只不过相比于樊子盖的能力,此人自然是差了不少。
“给凉州五万平凉军筹集粮饷。“
“自川蜀入凉,送于李镇军中。”杨广沉思一刻后,下旨道。
“陛下。”
“如今天下各处都在催促粮饷。我朝廷已然是入不敷出。”
“此番再向凉州输送,那或许不足啊。”虞世基站出来,带着几分无奈的启奏道。
但杨广一抬手,沉声道:“朕不要听这些理由,如今正是秋收之时,大隋也并无天灾,粮饷完全足够。”
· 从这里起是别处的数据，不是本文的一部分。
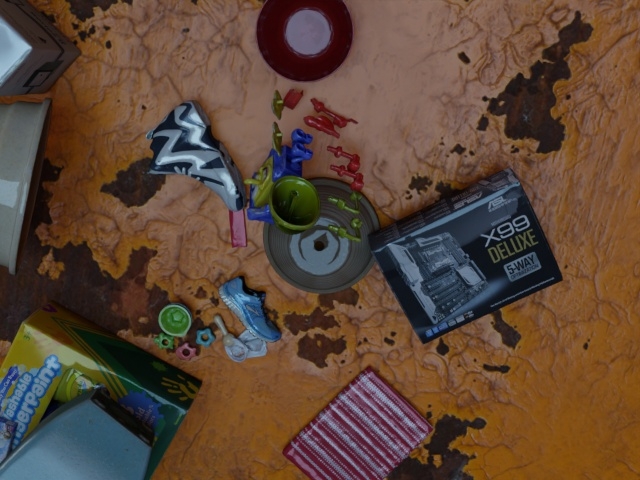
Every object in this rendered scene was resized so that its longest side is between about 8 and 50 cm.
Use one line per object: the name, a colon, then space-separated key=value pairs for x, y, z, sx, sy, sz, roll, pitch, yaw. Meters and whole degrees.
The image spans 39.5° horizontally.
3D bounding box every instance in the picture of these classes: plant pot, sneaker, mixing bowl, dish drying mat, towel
plant pot: x=-0.671 y=-0.129 z=1.609 sx=0.305 sy=0.334 sz=0.334 roll=12 pitch=104 yaw=-16
sneaker: x=-0.132 y=0.139 z=1.813 sx=0.073 sy=0.063 sz=0.162 roll=-41 pitch=98 yaw=8
plant pot: x=0.000 y=0.000 z=1.750 sx=0.237 sy=0.110 sz=0.237 roll=1 pitch=104 yaw=4
mixing bowl: x=-0.026 y=-0.388 z=1.668 sx=0.181 sy=0.098 sz=0.182 roll=1 pitch=102 yaw=4
plant pot: x=-0.442 y=0.419 z=1.644 sx=0.247 sy=0.248 sz=0.252 roll=39 pitch=84 yaw=-6
sneaker: x=-0.255 y=-0.139 z=1.742 sx=0.153 sy=0.094 sz=0.235 roll=-28 pitch=99 yaw=10
dish drying mat: x=-0.167 y=-0.027 z=1.805 sx=0.032 sy=0.008 sz=0.083 roll=-3 pitch=103 yaw=5
towel: x=0.077 y=0.422 z=1.881 sx=0.199 sy=0.031 sz=0.275 roll=44 pitch=100 yaw=-4

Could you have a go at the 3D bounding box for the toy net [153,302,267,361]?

“如若不足,那便给朕加赋税,为了大隋朝廷安稳,一切都可牺牲。”
“李镇为国立功,而且朝廷的确是缺了平凉军数月粮饷,李镇能够维持现在还能够诛灭逆首已然是尽力,朕断然不能让他再背负缺少粮饷之危。”
“还有。”
“告诉各地平叛的将领,想要足够的粮饷,那就用战功来换取,谁若是加快平定叛逆,朕不仅仅给他封赏,更让其麾下粮饷充足,反之,那便给朕等着。”杨广大声说着。
此刻的他。
已然是不管其他了。
话已经说到了如此地步。
虞世基也是带着无奈之色,当即一拜:“臣领旨。”
“好了。”
“诸卿如若无事,便先行退下吧。”
“宇文爱卿留下,还有这急报兵留下。”
杨广一摆手,威严道。
“臣等告退。”
朝堂上的群臣纷纷退下。
偌大的金殿内。
除了杨广身边侍奉的王义。
就只剩下了宇文化及与这个传讯的急报兵。
相比于前者的镇定。
这个急报兵直面皇帝,还是表现的十分紧张忐忑的。
“你自凉州而来,应该也清楚凉州如今的情况。”
“告诉朕。”
“樊子盖尚书如今何在?”杨广凝视着急报兵,正色问道。
看得出。
如今少了樊子盖,杨广也是清楚知道少了一个左膀右臂。
以前有樊子盖的时候,在政务方面,他几乎无需操心什么。
而现在。
一切都变了。
“回陛下。”
“樊子盖尚书自京畿沦陷后便向西撤退,归于扶风郡之后就一病不起。”
“如今正在扶风郡养病,或许…或许已经没有多少时日了。”
“此番李将军还特意交代了臣,将樊尚书的情况上奏。”急报兵十分恭敬的回道。
听到这。
杨广脸上也是浮起了一抹惭愧之色:“樊卿,终究是朕辜负了他啊!”
或许。
这一句话里也带着杨广的几分真心吧。
只不过。
这种迟到的真心又能有什么用呢?
归根结底。
在杨广放弃京畿之地后,命樊子盖死守,掩护世家撤离的一刻。
那便已经将樊子盖给放弃了。
“那京畿之地又是怎样的情况?”杨广又出声问道。